The construction in the NURBS book [1] starts from the assumption $w_0 = w_2 = 1$, which simplifies the computation of $w_1$, but differs from what I need: in my case $w_0$ and $w_2$ are prescribed and (in general) different from 1. I tried to adapt the construction to cover my case but there are several steps using symmetries where I am not yet sure whether they directly translate to my situation or I have to do something more involved. The references they provide [2, 3] are behind a paywall as far as I can tell.
I had a look into several other books and online notes (including discussions here on SE) but they all seem to use the same idea. In the handbook of CAGD [4] it is even stated that the choice $w_0 = w_2 = 1$ is without loss of generality (without really explaining, how to obtain the general case) so I think I must be missing something basic.

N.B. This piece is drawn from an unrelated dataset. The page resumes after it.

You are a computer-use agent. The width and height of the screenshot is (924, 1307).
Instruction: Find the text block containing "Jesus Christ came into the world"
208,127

How can I do it? Would it be enough to construct $w_1$ from the assumption $w_0 = w_2 = 1$ and then modify the weights while keeping $k = \frac{w_0w_2}{w_1}$ constant?Another possibility would be to reparameterize the curve but that I would like to avoid for the time being.

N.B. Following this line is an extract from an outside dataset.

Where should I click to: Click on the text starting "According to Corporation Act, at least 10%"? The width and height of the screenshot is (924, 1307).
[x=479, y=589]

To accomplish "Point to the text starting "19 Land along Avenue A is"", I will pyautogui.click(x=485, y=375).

[1] L. Piegl, W. Tiller: The NURBS Book, 2nd edition, Springer, 1997.
[2] E.T.Y. Lee: Rational quadratic Bézier representation for conics, in Geometric Modeling: Algorithms and New Trends, G.E. Farin (ed.), SIAM, pp. 3--19, 1987.
[3] L. Piegl, W. Tiller: Curve and surface constructions using rational B-splines, CAD, vol. 19, no. 9, pp. 485--498, 1987.
[4] G.E. Farin, J. Hoschek, M.-S. Kim: Hanbook of computer aided geometric design, Elsevier, 2002.